THE SONIC BOOMER
This morning I got to thinking of all the things that progress has cost us. It’s not that I mind progress (usually), it’s just that sometimes things are gone before we know it — replaced by easier, faster, more modern things. Then, one day, we look up and wonder, “Where did that go?”
When I was a kid, we went to “the farm” every summer. “The farm,” located near the tiny town of Alpha in Upper Michigan, was where my mother had grown up, together with her eight siblings, her mama and her tata (Polish for papa). My father would help out around the place, even though my uncles teased him mercilessly about being a “city slicker” who was barely able to hoist a bale of hay onto the truck without help.
My mother would hang out with grandma, chattering happily in Polish. The chattering was musical in a way, because I didn’t understand the words, but it was also concerning to hear, “Blah-blah-blah-Debbie-blah-blah-blahski.” Huh? What?
My brother Jim and I loved the farm. Unlike our home in the city, the farm boasted acres and acres of land upon which we were free to roam with one caution — “Stay away from the well!” The well, unlike pastoral drawings in which a circular brick structure is topped with an adorable shingled roof and an accompanying wooden bucket on a rod, was a hole in the ground with a piece of plywood slid over it. One false move, and you fell to the center of the earth. We gave it a wide berth — about an acre in circumference — and were spared.
Instead, we spent our days picking raspberries, strawberries and hazelnuts; climbing the apple trees; tossing hay at each other up in the barn’s hayloft; and chasing the chickens.
We also gave a wide berth to the bull (easily distinguished from the cows by the brass ring in his nose) and watched when grandpa did the milking, something my mother used to do before walking a mile through snowdrifts to school. (My dad thought a hay bale was heavy until he loaded 12 cans full of milk onto the delivery truck.)
One of our favorite things to do was to hang around in the shed where grandpa kept his tractor. The smell of old grease and oil, together with the sound of clanking metal tools, still brings me back to that place.
The farm is still there. After grandpa died and grandma moved “to town” (population: 124), Uncle Walter took it over. He did some farming, but mostly he filled the house with junk.
It was a shame, because grandpa and his neighbors had built the house by hand back in the 1920s.

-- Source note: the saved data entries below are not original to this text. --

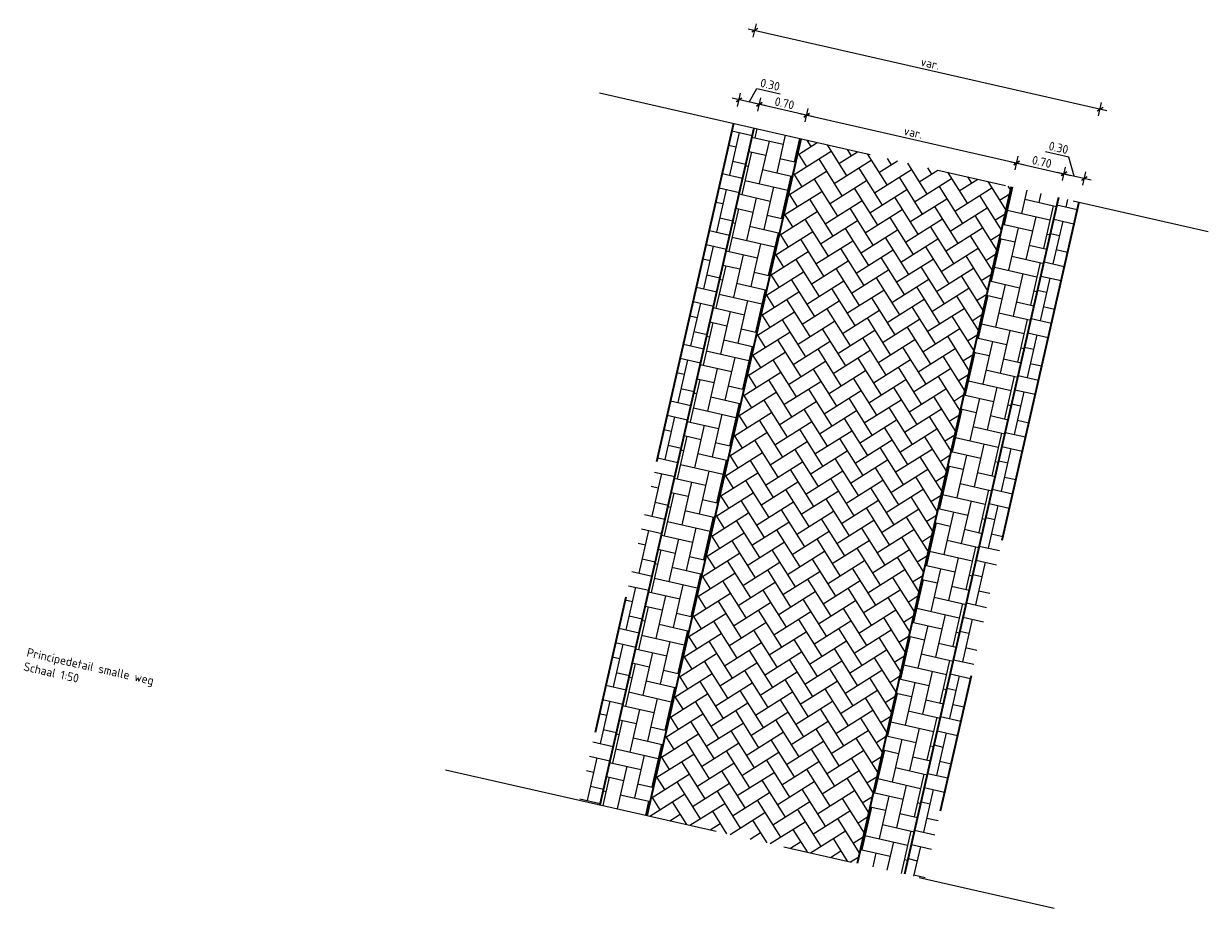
# Model space of a CAD drawing. Header units: metres. Extents: x 199937 to 201628, y 374508 to 375260.
# Tile 7 of 183: x 200455 to 200472, y 374734 to 374747. Entities that reach past the tile are written whole.
import ezdxf

# ---------------------------------------------------------------- set-up
doc = ezdxf.new("R2010")
doc.units = ezdxf.units.M
doc.linetypes.add('VH-TROTTOIRBAND_130-150', pattern=[15, 5, -2, 2, -2, 2, -2])
doc.linetypes.add('XX-AFBREEK', pattern=[7, 4, -1, 1, -1])
for name, color, linetype, lineweight in [('N-WE-VH-GOOT-G', 170, 'Continuous', 35), ('N-WE-VH-KANTOPSLUITING_TROTTOIRBAND_130 150-G', 210, 'VH-TROTTOIRBAND_130-150', 35), ('N-WE-VH-VERHARDING_BETONSTRAATSTEEN-G', 252, 'Continuous', 35), ('X-XX-AL-AFBREEKLIJN-G', 7, 'XX-AFBREEK', 18), ('X-XX-AL-M', 7, 'Continuous', 18), ('X-XX-AL-T25', 7, 'Continuous', 25)]:
    doc.layers.add(name, color=color, linetype=linetype, lineweight=lineweight)
doc.layers.add('N-WE-VH-VERHARDING_BETONSTRAATSTEEN_HEIDE-A', color=7, linetype='Continuous', lineweight=0, true_color=0x986657)
doc.layers.add('N-WE-VH-VERHARDING_BETONSTRAATSTEEN_ROOD-A', color=7, linetype='Continuous', lineweight=0, true_color=0xa92c0a)
doc.styles.add('NLCS-ISO-M50-T25', font='NLCS-ISO.ttf', dxfattribs={"height": 0.125})
doc.dimstyles.new('NLCS-M50-T25-SCHRAP_L2_H1', dxfattribs={"dimscale": 0.05, "dimtxt": 2.5, "dimasz": 1.4, "dimexe": 2, "dimexo": 2, "dimgap": 0.7, "dimtad": 1, "dimzin": 0, "dimdsep": 46, "dimtxsty": 'NLCS-ISO-M50-T25', "dimblk": 'OBLIQUE', "dimcen": 0, "dimdle": 2, "dimclrd": 256, "dimclre": 256, "dimclrt": 256, "dimadec": 1, "dimazin": 0, "dimtfac": 1, "dimtdec": 3, "dimtofl": 0, "dimtmove": 0, "dimatfit": 3, "dimldrblk": 'OBLIQUE', "dimfxl": 2, "dimfxlon": 1, "dimtfillclr": 256, "dimtolj": 1, "dimtzin": 0, "dimlwd": -1, "dimlwe": -1, "dimarcsym": 0})
pattern_1 = [(347.17281, (200997.44953, 375020.06453), (0.25138162, 0.15813691), [0.63, -0.21]), (257.17281, (200997.54278, 375020.47405), (0.25138162, 0.15813691), [0.63, -0.21])]
pattern_2 = [(347.17281174, (0, 0), (0.25138161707, 0.15813691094), [0.63, -0.21]), (257.17281174, (0.09324, 0.40952), (0.25138161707, 0.15813691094), [0.63, -0.21])]

# ---------------------------------------------------------------- blocks, each defined once
blk = doc.blocks.new('_Oblique')
at = {"color": 0, "linetype": 'ByBlock', "lineweight": -2}
blk.add_line((-0.5, -0.5), (0.5, 0.5), dxfattribs=at)
blk = doc.blocks.new('*D44')
at = {"layer": 'Defpoints', "color": 0, "transparency": 16777216}
for p in [(200470.334, 374745.535), (200465.052, 374745.326), (200470.028, 374744.193)]:
    blk.add_point(p, dxfattribs=at)
at = {"layer": 'X-XX-AL-M', "transparency": 16777216}
for p, q in [((200465.26, 374746.69), (200470.431, 374745.512)), ((200465.335, 374746.57), (200465.38, 374746.765)), ((200470.312, 374745.437), (200470.356, 374745.632))]:
    blk.add_line(p, q, dxfattribs=at)
at = {"layer": 'X-XX-AL-M', "transparency": 16777216, "xscale": 0.06999999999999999, "yscale": 0.06999999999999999, "zscale": 0.06999999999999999}
for p, rotation in [((200465.358, 374746.668), 167.1728117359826), ((200470.334, 374745.535), 347.1728117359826)]:
    blk.add_blockref('_Oblique', p, dxfattribs=dict(at, rotation=rotation))
at = {"layer": 'X-XX-AL-M', "transparency": 16777216, "insert": (200467.884, 374746.192), "char_height": 0.125, "attachment_point": 5, "rotation": 347.1728, "style": 'NLCS-ISO-M50-T25', "bg_fill": 3, "box_fill_scale": 1.1, "bg_fill_color": 256, "bg_fill_true_color": 13158600, "bg_fill_transparency": 0}
blk.add_mtext('\\A1;var.', dxfattribs=at)
blk = doc.blocks.new('*D45')
at = {"layer": 'Defpoints', "color": 0, "transparency": 16777216}
for p in [(200466.027, 374745.104), (200469.131, 374744.757), (200469.053, 374744.415)]:
    blk.add_point(p, dxfattribs=at)
at = {"layer": 'X-XX-AL-M', "transparency": 16777216}
for p, q in [((200466.083, 374745.349), (200466.127, 374745.544)), ((200466.008, 374745.469), (200469.229, 374744.735)), ((200469.109, 374744.66), (200469.153, 374744.855))]:
    blk.add_line(p, q, dxfattribs=at)
at = {"layer": 'X-XX-AL-M', "transparency": 16777216, "xscale": 0.06999999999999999, "yscale": 0.06999999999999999, "zscale": 0.06999999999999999}
for p, rotation in [((200466.105, 374745.446), 167.1728117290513), ((200469.131, 374744.757), 347.1728117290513)]:
    blk.add_blockref('_Oblique', p, dxfattribs=dict(at, rotation=rotation))
at = {"layer": 'X-XX-AL-M', "transparency": 16777216, "insert": (200467.64, 374745.197), "char_height": 0.125, "attachment_point": 5, "rotation": 347.1728, "style": 'NLCS-ISO-M50-T25', "bg_fill": 3, "box_fill_scale": 1.1, "bg_fill_color": 256, "bg_fill_true_color": 13158600, "bg_fill_transparency": 0}
blk.add_mtext('\\A1;var.', dxfattribs=at)
blk = doc.blocks.new('*D155')
at = {"layer": 'Defpoints', "color": 0, "transparency": 16777216}
for p in [(200465.423, 374745.602), (200465.345, 374745.26), (200466.027, 374745.104)]:
    blk.add_point(p, dxfattribs=at)
at = {"layer": 'X-XX-AL-M', "transparency": 16777216}
for p, q in [((200465.4, 374745.504), (200465.445, 374745.699)), ((200466.203, 374745.424), (200465.325, 374745.624)), ((200466.083, 374745.349), (200466.127, 374745.544))]:
    blk.add_line(p, q, dxfattribs=at)
at = {"layer": 'X-XX-AL-M', "transparency": 16777216, "xscale": 0.06999999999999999, "yscale": 0.06999999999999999, "zscale": 0.06999999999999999}
for p, rotation in [((200465.423, 374745.602), 167.1728117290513), ((200466.105, 374745.446), 347.1728117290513)]:
    blk.add_blockref('_Oblique', p, dxfattribs=dict(at, rotation=rotation))
at = {"layer": 'X-XX-AL-M', "transparency": 16777216, "insert": (200465.785, 374745.619), "char_height": 0.125, "attachment_point": 5, "rotation": 347.1728, "style": 'NLCS-ISO-M50-T25', "bg_fill": 3, "box_fill_scale": 1.1, "bg_fill_color": 256, "bg_fill_true_color": 13158600, "bg_fill_transparency": 0}
blk.add_mtext('\\A1;0.70', dxfattribs=at)
blk = doc.blocks.new('*D156')
at = {"layer": 'Defpoints', "color": 0, "transparency": 16777216}
for p in [(200469.814, 374744.602), (200469.053, 374744.415), (200469.736, 374744.26)]:
    blk.add_point(p, dxfattribs=at)
at = {"layer": 'X-XX-AL-M', "transparency": 16777216}
for p, q in [((200469.109, 374744.66), (200469.153, 374744.855)), ((200469.034, 374744.779), (200469.911, 374744.58)), ((200469.792, 374744.504), (200469.836, 374744.699))]:
    blk.add_line(p, q, dxfattribs=at)
at = {"layer": 'X-XX-AL-M', "transparency": 16777216, "xscale": 0.06999999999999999, "yscale": 0.06999999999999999, "zscale": 0.06999999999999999}
for p, rotation in [((200469.131, 374744.757), 167.1728117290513), ((200469.814, 374744.602), 347.1728117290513)]:
    blk.add_blockref('_Oblique', p, dxfattribs=dict(at, rotation=rotation))
at = {"layer": 'X-XX-AL-M', "transparency": 16777216, "insert": (200469.494, 374744.775), "char_height": 0.125, "attachment_point": 5, "rotation": 347.1728, "style": 'NLCS-ISO-M50-T25', "bg_fill": 3, "box_fill_scale": 1.1, "bg_fill_color": 256, "bg_fill_true_color": 13158600, "bg_fill_transparency": 0}
blk.add_mtext('\\A1;0.70', dxfattribs=at)
blk = doc.blocks.new('*D163')
at = {"layer": 'Defpoints', "color": 0, "transparency": 16777216}
for p in [(200465.13, 374745.668), (200465.052, 374745.326), (200465.345, 374745.26)]:
    blk.add_point(p, dxfattribs=at)
at = {"layer": 'X-XX-AL-M', "transparency": 16777216}
for p, q in [((200465.276, 374745.635), (200465.387, 374745.83)), ((200465.387, 374745.83), (200465.723, 374745.754)), ((200465.52, 374745.58), (200465.032, 374745.691)), ((200465.108, 374745.571), (200465.152, 374745.766)), ((200465.4, 374745.504), (200465.445, 374745.699))]:
    blk.add_line(p, q, dxfattribs=at)
at = {"layer": 'X-XX-AL-M', "transparency": 16777216, "xscale": 0.06999999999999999, "yscale": 0.06999999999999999, "zscale": 0.06999999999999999}
for p, rotation in [((200465.13, 374745.668), 167.1728117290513), ((200465.423, 374745.602), 347.1728117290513)]:
    blk.add_blockref('_Oblique', p, dxfattribs=dict(at, rotation=rotation))
at = {"layer": 'X-XX-AL-M', "transparency": 16777216, "insert": (200465.577, 374745.887), "char_height": 0.125, "attachment_point": 5, "rotation": 347.1728, "style": 'NLCS-ISO-M50-T25', "bg_fill": 3, "box_fill_scale": 1.1, "bg_fill_color": 256, "bg_fill_true_color": 13158600, "bg_fill_transparency": 0}
blk.add_mtext('\\A1;0.30', dxfattribs=at)
blk = doc.blocks.new('*D164')
at = {"layer": 'Defpoints', "color": 0, "transparency": 16777216}
for p in [(200470.106, 374744.535), (200469.736, 374744.26), (200470.028, 374744.193)]:
    blk.add_point(p, dxfattribs=at)
at = {"layer": 'X-XX-AL-M', "transparency": 16777216}
for p, q in [((200469.882, 374744.843), (200469.546, 374744.92)), ((200469.96, 374744.569), (200469.882, 374744.843)), ((200469.716, 374744.624), (200470.204, 374744.513)), ((200469.792, 374744.504), (200469.836, 374744.699)), ((200470.084, 374744.438), (200470.129, 374744.633))]:
    blk.add_line(p, q, dxfattribs=at)
at = {"layer": 'X-XX-AL-M', "transparency": 16777216, "xscale": 0.06999999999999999, "yscale": 0.06999999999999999, "zscale": 0.06999999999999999}
for p, rotation in [((200469.814, 374744.602), 167.1728117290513), ((200470.106, 374744.535), 347.1728117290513)]:
    blk.add_blockref('_Oblique', p, dxfattribs=dict(at, rotation=rotation))
at = {"layer": 'X-XX-AL-M', "transparency": 16777216, "insert": (200469.735, 374744.977), "char_height": 0.125, "attachment_point": 5, "rotation": 347.1728, "style": 'NLCS-ISO-M50-T25', "bg_fill": 3, "box_fill_scale": 1.1, "bg_fill_color": 256, "bg_fill_true_color": 13158600, "bg_fill_transparency": 0}
blk.add_mtext('\\A1;0.30', dxfattribs=at)

msp = doc.modelspace()

# ---------------------------------------------------------------- hatches: boundary and pattern name
at = {"layer": 'N-WE-VH-VERHARDING_BETONSTRAATSTEEN_HEIDE-A', "true_color": 0x986657}
h = msp.add_hatch(dxfattribs=at)
h.set_pattern_fill('AVH-HEI_BSS_KEIFRMT_KEPER-SO', color=25, scale=2, angle=-12.8272, pattern_type=2)
h.set_pattern_definition(pattern_1)
h.paths.add_polyline_path([(200462.832, 374735.576), (200463.125, 374735.509), (200465.345, 374745.26), (200465.052, 374745.326)])
h = msp.add_hatch(dxfattribs=at)
h.set_pattern_fill('AVH-HEI_BSS_KEIFRMT_KEPER-SO', color=25, scale=2, angle=-12.8272, pattern_type=2)
h.set_pattern_definition(pattern_2)
h.paths.add_polyline_path([(200463.125, 374735.509), (200463.807, 374735.354), (200466.027, 374745.104), (200465.345, 374745.26)])
h = msp.add_hatch(dxfattribs=at)
h.set_pattern_fill('AVH-HEI_BSS_KEIFRMT_KEPER-SO', color=25, scale=2, angle=-12.8272, pattern_type=2)
h.set_pattern_definition(pattern_2)
h.paths.add_polyline_path([(200466.833, 374734.665), (200467.516, 374734.51), (200469.736, 374744.26), (200469.053, 374744.415)])
h = msp.add_hatch(dxfattribs=at)
h.set_pattern_fill('AVH-HEI_BSS_KEIFRMT_KEPER-SO', color=25, scale=2, angle=-12.8272, pattern_type=2)
h.set_pattern_definition(pattern_1)
h.paths.add_polyline_path([(200467.516, 374734.51), (200467.808, 374734.443), (200470.028, 374744.193), (200469.736, 374744.26)])
at = {"layer": 'N-WE-VH-VERHARDING_BETONSTRAATSTEEN_ROOD-A'}
h = msp.add_hatch(dxfattribs=at)
h.set_pattern_fill('AVH-ROO_BSS_KEIFRMT_KEPER-SO', color=36, scale=2, angle=32.1728, pattern_type=2)
h.set_pattern_definition([(32.17281174, (0, 0), (0.06593396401, 0.28957332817), [0.63, -0.21]), (302.17281174, (-0.22364, 0.3555), (0.06593396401, 0.28957332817), [0.63, -0.21])])
h.paths.add_polyline_path([(200463.807, 374735.354), (200466.833, 374734.665), (200469.053, 374744.415), (200466.027, 374745.104)])

# ---------------------------------------------------------------- linework, layer by layer
at = {"layer": 'N-WE-VH-GOOT-G'}
for points in [[(200465.345, 374745.26), (200463.125, 374735.509)], [(200469.736, 374744.26), (200467.516, 374734.51)]]:
    msp.add_lwpolyline(points, dxfattribs=at)
at = {"layer": 'N-WE-VH-KANTOPSLUITING_TROTTOIRBAND_130 150-G'}
for points in [[(200465.052, 374745.326), (200462.832, 374735.576)], [(200470.028, 374744.193), (200467.808, 374734.443)]]:
    msp.add_lwpolyline(points, dxfattribs=at)
at = {"layer": 'N-WE-VH-VERHARDING_BETONSTRAATSTEEN-G'}
for points in [[(200463.807, 374735.354), (200466.027, 374745.104)], [(200469.053, 374744.415), (200466.833, 374734.665)]]:
    msp.add_lwpolyline(points, dxfattribs=at)
at = {"layer": 'X-XX-AL-AFBREEKLIJN-G'}
for points in [[(200463.118, 374745.767), (200471.893, 374743.769)], [(200460.898, 374736.016), (200469.673, 374734.018)]]:
    msp.add_lwpolyline(points, dxfattribs=at)

# ---------------------------------------------------------------- texts
at = {"layer": 'X-XX-AL-T25', "insert": (200454.882, 374737.772), "char_height": 0.125, "attachment_point": 1, "rotation": 347.1728, "style": 'NLCS-ISO-M50-T25'}
msp.add_mtext_dynamic_manual_height_columns('Principedetail smalle weg\\PSchaal 1:50', width=4.93889, gutter_width=0.625, heights=[0], dxfattribs=at)

# ---------------------------------------------------------------- next in the draw order: dimensions: what is measured, and where the dimension line sits
at = {"layer": 'X-XX-AL-M'}
dim = msp.add_linear_dim(base=(200470.334, 374745.535), p1=(200465.052, 374745.326), p2=(200470.028, 374744.193), angle=347.1728, text='var.', dimstyle='NLCS-M50-T25-SCHRAP_L2_H1', override={"dimtfill": 1}, dxfattribs=at)
dim.commit()
dim.dimension.update_dxf_attribs({"geometry": '*D44', "text_midpoint": (200467.863, 374746.097), "dimtype": 161})

# ---------------------------------------------------------------- next in the draw order: dimensions: what is measured, and where the dimension line sits
dim = msp.add_linear_dim(base=(200469.131, 374744.757), p1=(200466.027, 374745.104), p2=(200469.053, 374744.415), angle=167.1728, text='var.', dimstyle='NLCS-M50-T25-SCHRAP_L2_H1', override={"dimtfill": 1}, dxfattribs=at)
dim.commit()
dim.dimension.update_dxf_attribs({"geometry": '*D45', "text_midpoint": (200467.64, 374745.197)})

# ---------------------------------------------------------------- next in the draw order: dimensions: what is measured, and where the dimension line sits
for base, p1, p2, picture, middle in [((200465.423, 374745.602), (200466.027, 374745.104), (200465.345, 374745.26), '*D155', (200465.785, 374745.619)), ((200469.814, 374744.602), (200469.053, 374744.415), (200469.736, 374744.26), '*D156', (200469.494, 374744.775))]:
    dim = msp.add_linear_dim(base=base, p1=p1, p2=p2, angle=167.1728, dimstyle='NLCS-M50-T25-SCHRAP_L2_H1', override={"dimtfill": 1}, dxfattribs=at)
    dim.commit()
    dim.dimension.update_dxf_attribs({"geometry": picture, "text_midpoint": middle})

# ---------------------------------------------------------------- next in the draw order: dimensions: what is measured, and where the dimension line sits
dim = msp.add_linear_dim(base=(200465.13, 374745.668), p1=(200465.345, 374745.26), p2=(200465.052, 374745.326), angle=167.1728, dimstyle='NLCS-M50-T25-SCHRAP_L2_H1', override={"dimtmove": 1, "dimtfill": 1}, dxfattribs=at)
dim.commit()
dim.dimension.update_dxf_attribs({"geometry": '*D163', "text_midpoint": (200465.443, 374745.918)})
dim = msp.add_linear_dim(base=(200470.106, 374744.535), p1=(200469.736, 374744.26), p2=(200470.028, 374744.193), angle=167.1728, dimstyle='NLCS-M50-T25-SCHRAP_L2_H1', override={"dimtmove": 1, "dimtfill": 1}, dxfattribs=at)
dim.commit()
dim.dimension.update_dxf_attribs({"geometry": '*D164', "text_midpoint": (200469.848, 374744.851), "dimtype": 160})

doc.saveas('drawing.dxf')

It had three bedrooms — one for the boys, one for the girls and one for the parents. My mother’s three sisters slept in a double bed, and mom slept across the bottom with their feet. The littlest sister, a baby, had a cradle in the parents’ room.
I’ve gone back to visit, and everything is so much smaller than I remember! The house is small. The apple trees are small. The chicken coop is small. I ventured onto the property and poked my nose into the tractor shed. I breathed deeply.
Ahhhhh. Some things never change.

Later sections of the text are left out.